Source records:
-.-.-

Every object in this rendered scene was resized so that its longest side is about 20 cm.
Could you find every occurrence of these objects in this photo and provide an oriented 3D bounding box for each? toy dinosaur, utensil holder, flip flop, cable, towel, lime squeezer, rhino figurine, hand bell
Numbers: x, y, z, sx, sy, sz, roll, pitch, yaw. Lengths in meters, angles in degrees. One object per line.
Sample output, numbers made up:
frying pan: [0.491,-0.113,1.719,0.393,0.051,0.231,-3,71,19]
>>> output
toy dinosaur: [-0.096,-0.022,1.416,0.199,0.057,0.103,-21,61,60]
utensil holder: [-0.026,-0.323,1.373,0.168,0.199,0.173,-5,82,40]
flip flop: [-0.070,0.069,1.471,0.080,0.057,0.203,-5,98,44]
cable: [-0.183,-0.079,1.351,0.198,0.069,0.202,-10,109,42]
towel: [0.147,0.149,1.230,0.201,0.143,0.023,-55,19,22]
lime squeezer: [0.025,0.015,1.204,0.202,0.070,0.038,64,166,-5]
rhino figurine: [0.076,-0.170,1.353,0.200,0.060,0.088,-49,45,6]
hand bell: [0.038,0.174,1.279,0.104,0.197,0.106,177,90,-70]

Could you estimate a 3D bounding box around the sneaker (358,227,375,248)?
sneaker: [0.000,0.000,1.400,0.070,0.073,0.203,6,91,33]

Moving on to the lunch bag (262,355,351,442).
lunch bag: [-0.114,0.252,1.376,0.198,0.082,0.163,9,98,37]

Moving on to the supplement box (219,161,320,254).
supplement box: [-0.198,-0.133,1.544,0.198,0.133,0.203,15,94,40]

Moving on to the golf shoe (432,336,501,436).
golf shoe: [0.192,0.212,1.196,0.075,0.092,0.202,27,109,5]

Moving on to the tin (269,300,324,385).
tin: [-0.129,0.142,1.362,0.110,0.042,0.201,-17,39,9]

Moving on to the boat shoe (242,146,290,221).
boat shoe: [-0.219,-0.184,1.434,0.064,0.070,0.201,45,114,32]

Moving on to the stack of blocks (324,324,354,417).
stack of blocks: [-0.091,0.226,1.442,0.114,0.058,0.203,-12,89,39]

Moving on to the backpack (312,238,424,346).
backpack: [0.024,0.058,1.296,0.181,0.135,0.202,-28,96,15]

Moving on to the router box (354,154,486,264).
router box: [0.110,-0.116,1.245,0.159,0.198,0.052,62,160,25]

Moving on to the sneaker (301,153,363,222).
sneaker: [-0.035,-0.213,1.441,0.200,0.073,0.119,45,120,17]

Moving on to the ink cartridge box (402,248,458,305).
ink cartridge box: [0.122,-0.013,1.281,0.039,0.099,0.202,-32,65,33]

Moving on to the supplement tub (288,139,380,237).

-.-.-

§ **Work required**
What are the lines from the one with "Moving on to the ink" through the end of the entries? Give them again exactly, both end lines included.

§ **Result**
Moving on to the ink cartridge box (402,248,458,305).
ink cartridge box: [0.122,-0.013,1.281,0.039,0.099,0.202,-32,65,33]

Moving on to the supplement tub (288,139,380,237).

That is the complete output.